GIVEN RECORDS |

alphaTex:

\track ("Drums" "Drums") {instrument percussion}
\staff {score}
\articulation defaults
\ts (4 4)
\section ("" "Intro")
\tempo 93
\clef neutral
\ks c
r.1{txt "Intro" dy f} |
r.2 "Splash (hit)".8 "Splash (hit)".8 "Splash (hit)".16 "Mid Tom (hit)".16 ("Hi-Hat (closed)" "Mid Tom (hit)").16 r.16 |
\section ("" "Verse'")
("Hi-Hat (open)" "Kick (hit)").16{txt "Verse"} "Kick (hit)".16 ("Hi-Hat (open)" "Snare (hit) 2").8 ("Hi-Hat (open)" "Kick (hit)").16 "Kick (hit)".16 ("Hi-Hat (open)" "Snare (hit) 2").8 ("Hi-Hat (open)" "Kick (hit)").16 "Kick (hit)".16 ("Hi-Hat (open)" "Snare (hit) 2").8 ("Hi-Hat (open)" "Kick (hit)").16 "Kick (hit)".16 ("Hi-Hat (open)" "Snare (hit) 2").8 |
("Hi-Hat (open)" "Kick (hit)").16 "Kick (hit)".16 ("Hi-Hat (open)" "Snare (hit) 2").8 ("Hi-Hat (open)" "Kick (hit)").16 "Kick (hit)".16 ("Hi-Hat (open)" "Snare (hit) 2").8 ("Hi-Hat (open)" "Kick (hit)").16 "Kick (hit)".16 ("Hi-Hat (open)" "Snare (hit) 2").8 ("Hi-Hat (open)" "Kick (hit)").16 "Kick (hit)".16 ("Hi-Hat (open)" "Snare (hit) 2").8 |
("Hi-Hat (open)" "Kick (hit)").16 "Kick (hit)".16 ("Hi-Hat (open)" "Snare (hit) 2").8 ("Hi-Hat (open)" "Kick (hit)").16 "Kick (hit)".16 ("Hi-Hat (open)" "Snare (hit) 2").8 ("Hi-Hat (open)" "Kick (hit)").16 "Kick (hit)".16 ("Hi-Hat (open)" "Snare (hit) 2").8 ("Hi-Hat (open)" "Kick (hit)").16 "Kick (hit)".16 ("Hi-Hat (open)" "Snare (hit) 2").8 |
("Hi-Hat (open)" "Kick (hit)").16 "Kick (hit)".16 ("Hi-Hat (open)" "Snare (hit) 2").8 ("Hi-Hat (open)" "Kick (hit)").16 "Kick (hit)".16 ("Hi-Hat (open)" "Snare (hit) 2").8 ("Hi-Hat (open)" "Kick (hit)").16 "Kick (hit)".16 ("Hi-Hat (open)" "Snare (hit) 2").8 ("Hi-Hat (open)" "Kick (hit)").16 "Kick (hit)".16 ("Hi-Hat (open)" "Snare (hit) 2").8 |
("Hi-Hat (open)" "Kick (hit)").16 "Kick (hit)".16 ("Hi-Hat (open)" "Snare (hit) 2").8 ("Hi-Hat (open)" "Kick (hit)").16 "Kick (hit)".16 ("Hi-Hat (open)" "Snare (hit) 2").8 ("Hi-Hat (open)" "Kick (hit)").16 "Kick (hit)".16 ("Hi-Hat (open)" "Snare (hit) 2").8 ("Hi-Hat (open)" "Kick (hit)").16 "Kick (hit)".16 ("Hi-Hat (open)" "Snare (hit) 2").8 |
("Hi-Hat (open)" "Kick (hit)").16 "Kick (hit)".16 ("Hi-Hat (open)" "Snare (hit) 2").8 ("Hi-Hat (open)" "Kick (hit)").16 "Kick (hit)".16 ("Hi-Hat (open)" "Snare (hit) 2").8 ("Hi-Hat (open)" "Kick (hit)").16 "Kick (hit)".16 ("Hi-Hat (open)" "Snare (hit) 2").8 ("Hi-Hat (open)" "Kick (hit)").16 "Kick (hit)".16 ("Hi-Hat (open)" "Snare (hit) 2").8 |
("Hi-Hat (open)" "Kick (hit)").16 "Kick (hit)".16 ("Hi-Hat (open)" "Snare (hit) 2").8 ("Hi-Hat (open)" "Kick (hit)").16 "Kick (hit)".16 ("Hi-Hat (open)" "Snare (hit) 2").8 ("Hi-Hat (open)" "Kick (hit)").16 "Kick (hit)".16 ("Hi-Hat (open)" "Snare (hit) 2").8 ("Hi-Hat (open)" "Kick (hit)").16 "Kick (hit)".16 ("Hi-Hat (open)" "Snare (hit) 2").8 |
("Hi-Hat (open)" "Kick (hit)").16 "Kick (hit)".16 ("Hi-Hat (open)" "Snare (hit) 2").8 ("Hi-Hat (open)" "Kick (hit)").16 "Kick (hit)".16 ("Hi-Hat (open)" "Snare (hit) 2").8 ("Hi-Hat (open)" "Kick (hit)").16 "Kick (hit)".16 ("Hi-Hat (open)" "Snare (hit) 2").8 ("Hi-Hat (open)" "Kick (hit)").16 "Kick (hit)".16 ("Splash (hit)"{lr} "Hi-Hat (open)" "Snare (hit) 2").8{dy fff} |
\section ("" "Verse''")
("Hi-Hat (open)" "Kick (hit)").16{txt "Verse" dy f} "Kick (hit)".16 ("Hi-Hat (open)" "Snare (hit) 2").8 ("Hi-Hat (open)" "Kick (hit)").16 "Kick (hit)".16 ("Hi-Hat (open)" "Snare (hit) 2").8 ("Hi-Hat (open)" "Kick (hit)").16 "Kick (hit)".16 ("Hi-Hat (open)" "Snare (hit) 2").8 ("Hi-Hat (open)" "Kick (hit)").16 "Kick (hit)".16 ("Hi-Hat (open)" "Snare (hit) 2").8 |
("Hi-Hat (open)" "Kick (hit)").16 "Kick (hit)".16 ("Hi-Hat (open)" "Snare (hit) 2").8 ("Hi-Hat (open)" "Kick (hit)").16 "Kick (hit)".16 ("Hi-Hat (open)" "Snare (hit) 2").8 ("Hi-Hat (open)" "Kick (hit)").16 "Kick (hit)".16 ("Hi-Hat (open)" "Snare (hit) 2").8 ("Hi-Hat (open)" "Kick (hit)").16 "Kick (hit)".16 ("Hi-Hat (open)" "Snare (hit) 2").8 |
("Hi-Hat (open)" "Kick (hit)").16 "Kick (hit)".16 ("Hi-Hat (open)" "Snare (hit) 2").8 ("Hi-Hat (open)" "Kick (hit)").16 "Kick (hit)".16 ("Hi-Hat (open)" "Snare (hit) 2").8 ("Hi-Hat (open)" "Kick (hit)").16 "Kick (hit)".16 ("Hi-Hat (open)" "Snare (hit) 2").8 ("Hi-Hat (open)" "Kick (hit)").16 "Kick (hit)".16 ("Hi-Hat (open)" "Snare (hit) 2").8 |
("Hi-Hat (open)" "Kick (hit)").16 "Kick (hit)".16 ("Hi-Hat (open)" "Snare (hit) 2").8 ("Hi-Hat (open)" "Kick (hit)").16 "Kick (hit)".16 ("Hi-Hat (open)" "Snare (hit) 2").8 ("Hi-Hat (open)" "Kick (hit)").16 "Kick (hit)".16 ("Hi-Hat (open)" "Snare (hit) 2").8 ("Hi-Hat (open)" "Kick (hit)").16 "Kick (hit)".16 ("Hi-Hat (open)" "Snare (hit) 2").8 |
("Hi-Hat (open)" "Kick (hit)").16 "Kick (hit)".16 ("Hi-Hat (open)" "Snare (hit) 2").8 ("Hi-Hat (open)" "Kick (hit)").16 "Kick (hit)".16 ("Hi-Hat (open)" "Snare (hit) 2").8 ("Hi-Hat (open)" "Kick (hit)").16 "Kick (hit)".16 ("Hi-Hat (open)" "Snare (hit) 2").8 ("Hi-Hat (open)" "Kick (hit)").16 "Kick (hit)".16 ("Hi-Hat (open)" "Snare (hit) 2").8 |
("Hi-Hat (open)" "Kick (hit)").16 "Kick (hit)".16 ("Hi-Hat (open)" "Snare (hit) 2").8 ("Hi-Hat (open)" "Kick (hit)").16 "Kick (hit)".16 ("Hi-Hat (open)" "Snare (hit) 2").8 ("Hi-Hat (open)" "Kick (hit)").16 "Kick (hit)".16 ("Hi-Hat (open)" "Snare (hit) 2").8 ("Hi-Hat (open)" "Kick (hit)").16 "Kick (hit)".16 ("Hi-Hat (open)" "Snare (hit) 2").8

ASSIGNED TASK |
The word "section" may appear in several lines of the data; copy every line where it does.

EXPECTED ANSWER |
\section ("" "Intro")
\section ("" "Verse'")
\section ("" "Verse''")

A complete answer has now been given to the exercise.